Russia launched more than 3,000 drones, 92 missiles and almost 1,400 glide bombs against Ukraine between 5 October and 12 October alone, targeting cities and critical infrastructure including energy plants. A barrage of attacks last week caused blackouts in eight regions.
“It looks like a massive campaign against energy and heating infrastructure ahead of winter,” Farrell said. “Ukrainians are used to this – it doesn’t come as a shock to them, and people are used to getting six hours or less of electricity a day.” But modifications to Russia’s arsenal, making drones and missiles better at evading air defences, may give Moscow the upper hand.
The issue is not so much about generation in the east, where petrol and diesel generators are the primary source of military power, he added. “It’s about total warfare – on the economy, and on society. What we’re seeing at the moment is just the beginning.”
What about Ukrainian attacks within Russia?
Meanwhile, Ukraine has been conducting long-range strikes against Russian oil refineries – with, for example, three strikes on the Saratov refinery within a month. In this excellent report, Reuters estimates that there have been at least 58 attacks on key Russian energy sites since the start of August, reaching as far as 1,200 miles into Russian territory. There were only three such strikes in June and July.
Analysts tend to view these attacks as a thorn in Putin’s side rather than a critical blow against Russian military power – but note that it is a source of pain to ordinary Russians, with refining capacity reduced by as much as 21% at the end of August.
“It’s hard to calculate the tangible impact on the Russian economy, which is still a behemoth,” Farrell said. “But it is definitely a blow to the social contract that Putin has with his people, where if they are loyal to him he is the provider of strength and stability.”
A key question is whether Ukraine can maintain the pace of these attacks at a level that could knock refineries out of service altogether – and, for now, any claim that this might be gamechanging appears fanciful. “You can compare it to when Russia first started hitting Ukrainian energy infrastructure,” Farrell said. “A pro-Russian observer might have thought that Ukraine would surrender. But Ukraine adapted, the infrastructure was repaired, Russia didn’t have the missiles it needed to continue the intensity of the campaign, and that was that.”
How significant could Trump’s meeting with Putin be?
Trump’s habit of constant recalibration in his attitude to Zelenskyy and Putin – at different points suggesting that he has lost patience with both and is ready to make a decisive shift in his position, only to back away – was repeated last week.

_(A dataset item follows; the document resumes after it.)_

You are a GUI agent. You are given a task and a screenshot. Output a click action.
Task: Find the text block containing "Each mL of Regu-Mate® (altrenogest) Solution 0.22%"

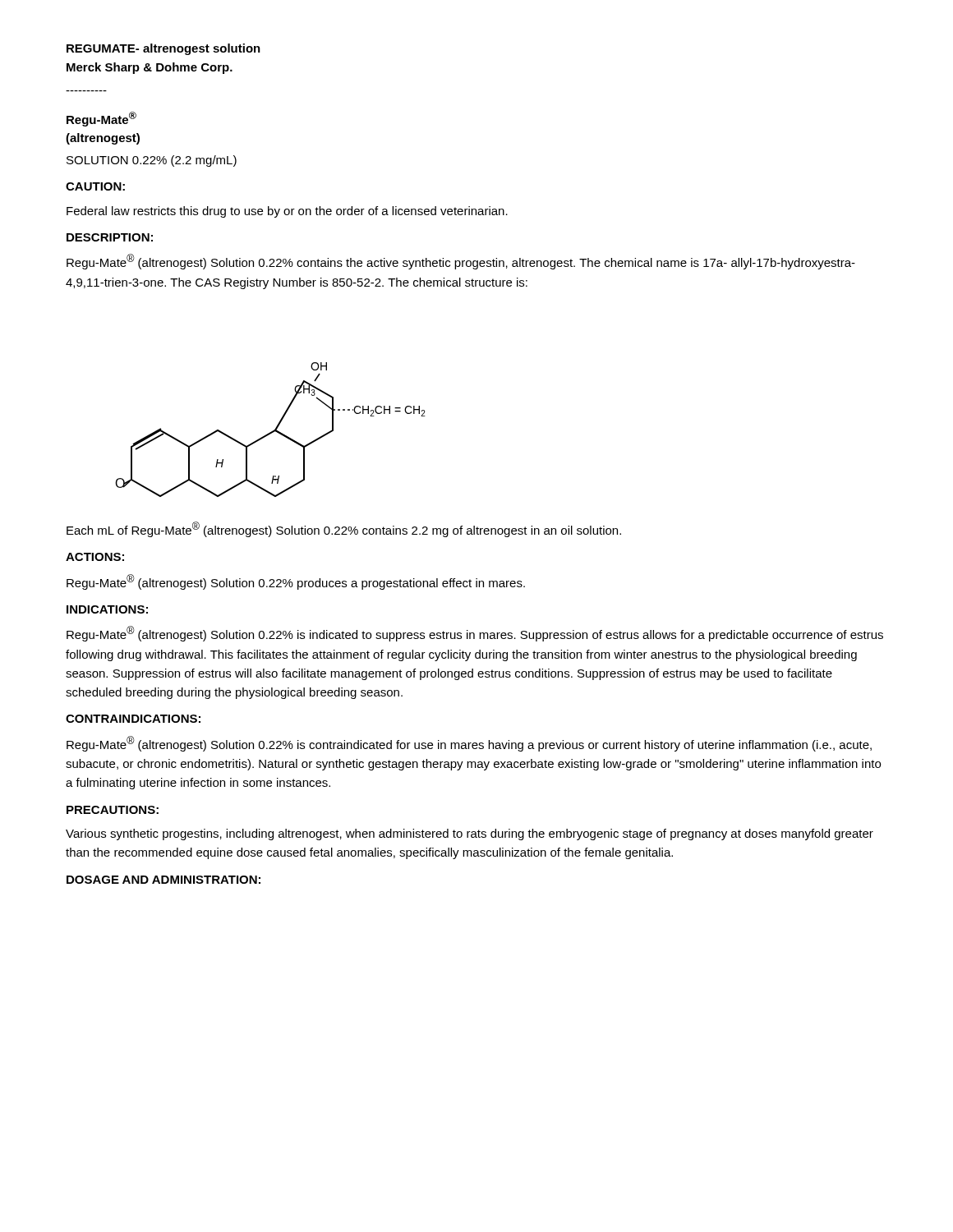pos(476,529)

After suggesting that he might provide Tomahawk missiles to Ukraine, he played that prospect down on Friday. The Financial Times reported that he tossed aside Ukrainian maps of the front and told Zelenskyy that Putin had told him the conflict was a “special operation, not even a war”. That is not promising mood music for Kyiv ahead of his next meeting with Putin.
“This is the same circus,” Farrell said. “In August he seemed very close to imposing harsh consequences on Putin, and then Putin proposed the Alaska meeting and Russia was off the hook. Now it looks like that could happen again if Moscow plays its cards right.”
The Tomahawk missiles, which would significantly extend Ukraine’s ability to hit targets deep in Russian territory, would be very valuable. (Dan Sabbagh has more on their significance in this piece.) “But it’s really just part of the bigger picture,” Farrell said. “Selling them to Ukraine might be a sign that he has finally made a decision. But Ukrainians aren’t putting too much hope in the idea that this merry-go-round will finally be over.”